*TASK PROMPT*
Copy the records below verbatim, from the first line through the line containing "8. turtle holder", inclusive, and output nothing else.

*Saved data entries*
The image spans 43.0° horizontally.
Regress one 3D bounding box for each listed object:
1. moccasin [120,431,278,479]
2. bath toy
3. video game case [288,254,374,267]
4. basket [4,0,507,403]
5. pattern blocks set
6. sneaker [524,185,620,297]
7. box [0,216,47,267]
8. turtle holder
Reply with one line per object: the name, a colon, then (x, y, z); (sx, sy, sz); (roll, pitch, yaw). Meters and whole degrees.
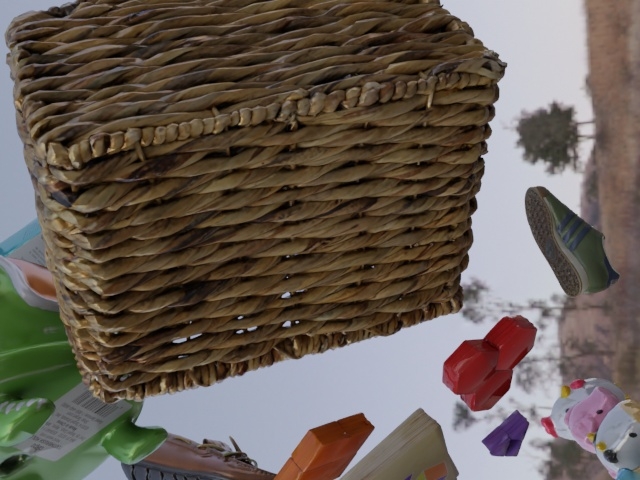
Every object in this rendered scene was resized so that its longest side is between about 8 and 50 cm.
moccasin: (-0.200, 0.435, 1.533); (0.147, 0.380, 0.139); (-45, -58, -43)
bath toy: (0.381, 0.260, 1.056); (0.348, 0.129, 0.151); (-84, -16, -84)
video game case: (0.000, 0.000, 1.135); (0.143, 0.157, 0.019); (55, -127, -23)
basket: (-0.054, -0.055, 0.585); (0.299, 0.213, 0.223); (-15, -47, -18)
pattern blocks set: (0.035, 0.214, 0.626); (0.325, 0.026, 0.285); (-29, -44, -20)
sneaker: (0.377, -0.002, 1.211); (0.064, 0.086, 0.192); (105, 154, -52)
box: (-0.355, 0.066, 0.918); (0.100, 0.244, 0.060); (54, -173, -27)
turtle holder: (-0.321, 0.157, 0.742); (0.243, 0.320, 0.227); (8, -142, -51)
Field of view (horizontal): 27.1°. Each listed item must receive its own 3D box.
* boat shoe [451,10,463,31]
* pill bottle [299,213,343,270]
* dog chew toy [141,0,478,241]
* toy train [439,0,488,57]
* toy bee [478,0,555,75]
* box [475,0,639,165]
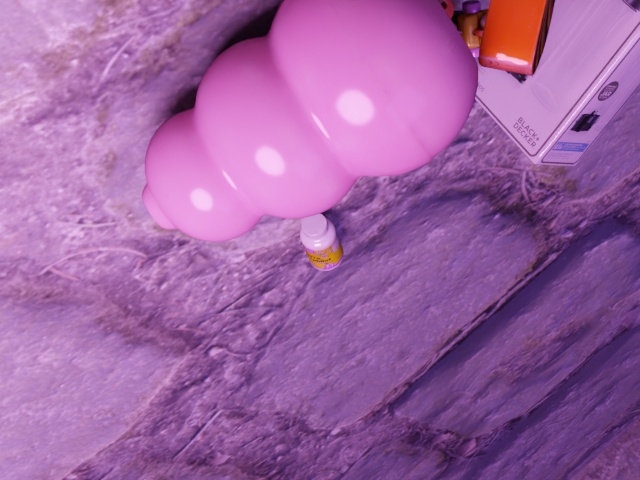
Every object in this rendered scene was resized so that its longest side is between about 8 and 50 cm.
[{"bbox_3d":[0.088,-0.188,1.390,0.183,0.065,0.083,-22,140,-31],"label":"boat shoe"},{"bbox_3d":[0.000,0.000,1.571,0.043,0.043,0.083,-34,150,-7],"label":"pill bottle"},{"bbox_3d":[-0.022,-0.117,1.240,0.332,0.206,0.206,-32,152,8],"label":"dog chew toy"},{"bbox_3d":[0.166,-0.255,1.338,0.166,0.046,0.125,-39,118,-6],"label":"toy train"},{"bbox_3d":[0.225,-0.306,1.268,0.298,0.195,0.162,-59,170,15],"label":"toy bee"},{"bbox_3d":[0.288,-0.239,1.419,0.087,0.169,0.290,-1,133,-47],"label":"box"}]
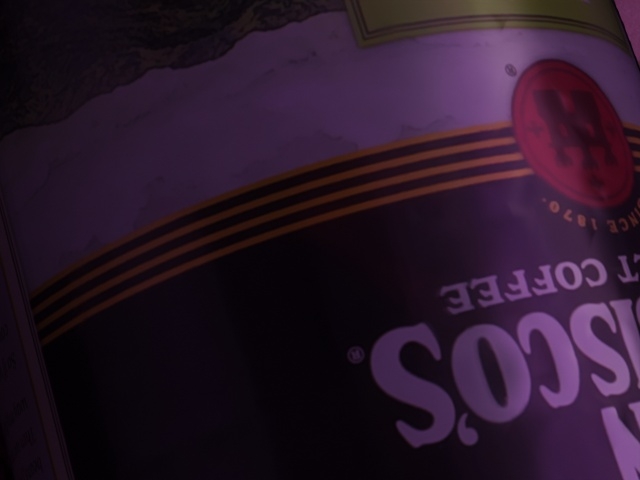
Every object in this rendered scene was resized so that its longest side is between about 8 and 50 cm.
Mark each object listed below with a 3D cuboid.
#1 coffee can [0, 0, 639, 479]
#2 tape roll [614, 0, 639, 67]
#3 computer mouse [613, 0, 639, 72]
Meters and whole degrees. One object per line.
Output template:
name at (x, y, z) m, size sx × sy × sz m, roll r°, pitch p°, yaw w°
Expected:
coffee can at (0.000, 0.000, 0.492) m, size 0.201 × 0.201 × 0.275 m, roll 6°, pitch 62°, yaw -55°
tape roll at (0.139, -0.095, 0.617) m, size 0.072 × 0.392 × 0.392 m, roll -19°, pitch 81°, yaw -18°
computer mouse at (0.086, -0.032, 0.630) m, size 0.072 × 0.188 × 0.272 m, roll -11°, pitch 117°, yaw -24°
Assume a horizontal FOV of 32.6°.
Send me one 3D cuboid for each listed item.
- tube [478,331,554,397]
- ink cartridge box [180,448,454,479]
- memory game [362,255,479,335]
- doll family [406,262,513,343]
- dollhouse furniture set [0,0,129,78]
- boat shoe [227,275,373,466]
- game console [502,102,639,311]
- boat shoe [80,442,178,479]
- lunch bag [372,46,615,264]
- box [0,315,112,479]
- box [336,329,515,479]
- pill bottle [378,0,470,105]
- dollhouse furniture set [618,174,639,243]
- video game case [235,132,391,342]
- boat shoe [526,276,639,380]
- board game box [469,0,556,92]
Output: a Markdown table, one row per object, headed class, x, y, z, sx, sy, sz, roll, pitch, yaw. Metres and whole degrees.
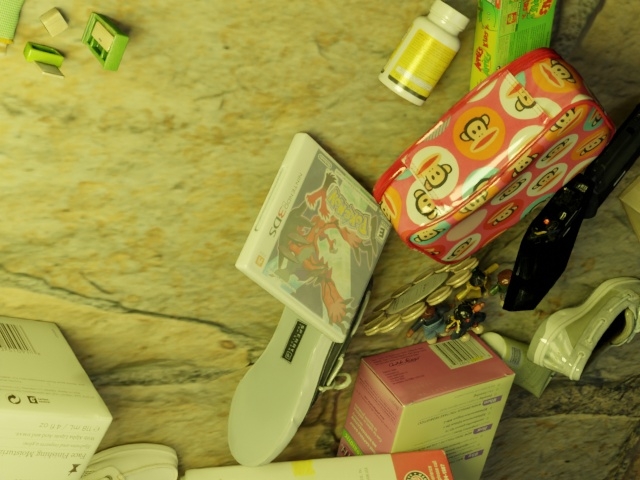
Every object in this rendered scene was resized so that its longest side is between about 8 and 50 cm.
| class | x | y | z | sx | sy | sz | roll | pitch | yaw |
| --- | --- | --- | --- | --- | --- | --- | --- | --- | --- |
| tube | 0.332 | 0.205 | 1.806 | 0.070 | 0.062 | 0.240 | -23 | 152 | 31 |
| ink cartridge box | 0.006 | 0.449 | 1.493 | 0.384 | 0.279 | 0.160 | -2 | 126 | -6 |
| memory game | 0.134 | 0.073 | 1.475 | 0.186 | 0.186 | 0.012 | -35 | 98 | -10 |
| doll family | 0.213 | 0.092 | 1.602 | 0.193 | 0.076 | 0.111 | -45 | 158 | -6 |
| dollhouse furniture set | -0.261 | -0.196 | 1.017 | 0.151 | 0.058 | 0.076 | 7 | 118 | -41 |
| boat shoe | -0.021 | 0.164 | 1.460 | 0.105 | 0.113 | 0.306 | 16 | 97 | -50 |
| game console | 0.381 | -0.058 | 1.568 | 0.361 | 0.044 | 0.213 | -46 | 158 | -27 |
| boat shoe | -0.298 | 0.339 | 1.395 | 0.277 | 0.096 | 0.098 | -12 | 130 | -30 |
| lunch bag | 0.231 | -0.092 | 1.384 | 0.293 | 0.120 | 0.258 | -40 | 155 | 14 |
| box | -0.350 | 0.173 | 1.156 | 0.181 | 0.182 | 0.119 | 13 | 114 | -43 |
| box | 0.156 | 0.284 | 1.686 | 0.213 | 0.117 | 0.243 | -11 | 128 | -31 |
| pill bottle | 0.124 | -0.223 | 1.287 | 0.065 | 0.065 | 0.116 | 18 | 111 | -44 |
| dollhouse furniture set | 0.709 | -0.098 | 1.696 | 0.394 | 0.256 | 0.362 | -43 | 139 | -1 |
| video game case | 0.000 | 0.000 | 1.325 | 0.201 | 0.023 | 0.183 | 41 | 65 | -42 |
| boat shoe | 0.467 | 0.149 | 1.803 | 0.320 | 0.103 | 0.118 | -16 | 131 | -44 |
| board game box | 0.241 | -0.249 | 1.371 | 0.092 | 0.043 | 0.181 | -21 | 134 | -24 |
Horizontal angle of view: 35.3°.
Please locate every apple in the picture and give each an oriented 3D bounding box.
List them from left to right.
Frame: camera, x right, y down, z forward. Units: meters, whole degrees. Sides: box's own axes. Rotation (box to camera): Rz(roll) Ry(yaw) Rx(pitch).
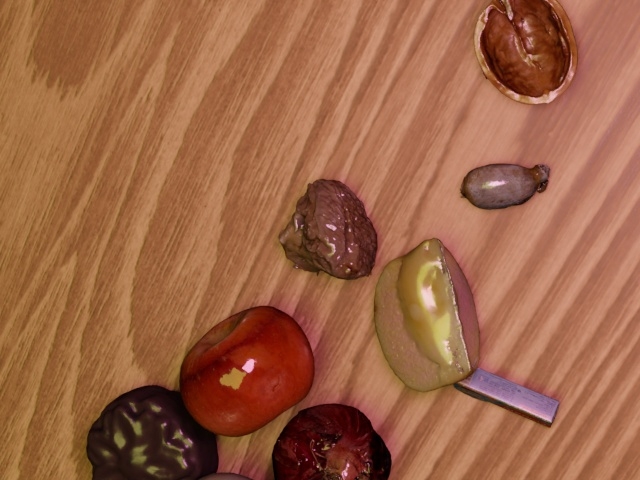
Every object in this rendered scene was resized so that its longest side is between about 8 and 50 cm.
[{"bbox_3d":[-0.139,0.256,1.926,0.272,0.251,0.206,-34,99,4],"label":"apple"},{"bbox_3d":[0.195,0.142,1.857,0.193,0.120,0.265,-19,80,37],"label":"apple"}]

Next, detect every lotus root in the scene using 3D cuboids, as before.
[{"bbox_3d":[0.330,-0.098,1.799,0.165,0.088,0.088,-6,94,11],"label":"lotus root"}]

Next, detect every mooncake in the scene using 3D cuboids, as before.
[{"bbox_3d":[-0.356,0.447,2.086,0.283,0.141,0.283,4,100,21],"label":"mooncake"}]

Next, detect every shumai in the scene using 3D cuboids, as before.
[{"bbox_3d":[0.000,0.000,1.896,0.175,0.166,0.206,-29,61,30],"label":"shumai"}]

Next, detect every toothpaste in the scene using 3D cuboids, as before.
[{"bbox_3d":[0.342,0.286,1.855,0.193,0.070,0.044,22,74,17],"label":"toothpaste"}]

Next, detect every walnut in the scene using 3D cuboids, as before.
[{"bbox_3d":[0.359,-0.335,1.754,0.167,0.087,0.211,-21,90,15],"label":"walnut"}]

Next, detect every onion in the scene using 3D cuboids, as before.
[{"bbox_3d":[0.018,0.451,1.903,0.221,0.281,0.281,-1,98,-20],"label":"onion"}]

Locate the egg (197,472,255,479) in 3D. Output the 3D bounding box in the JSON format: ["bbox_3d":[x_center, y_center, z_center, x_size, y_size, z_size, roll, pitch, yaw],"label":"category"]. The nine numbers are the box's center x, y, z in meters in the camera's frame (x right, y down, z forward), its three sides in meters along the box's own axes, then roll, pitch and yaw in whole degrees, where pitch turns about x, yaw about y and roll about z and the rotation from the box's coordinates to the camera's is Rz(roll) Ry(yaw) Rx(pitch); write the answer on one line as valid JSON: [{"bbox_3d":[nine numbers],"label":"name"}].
[{"bbox_3d":[-0.158,0.624,1.966,0.258,0.258,0.352,-24,98,21],"label":"egg"}]

*ANSWER SECTION*
The image spans 43.0° horizontally.
Regress one 3D bounding box for each listed object:
1. moccasin [120,431,278,479]
2. bath toy
3. video game case [288,254,374,267]
4. basket [4,0,507,403]
5. pattern blocks set
6. sneaker [524,185,620,297]
7. box [0,216,47,267]
8. turtle holder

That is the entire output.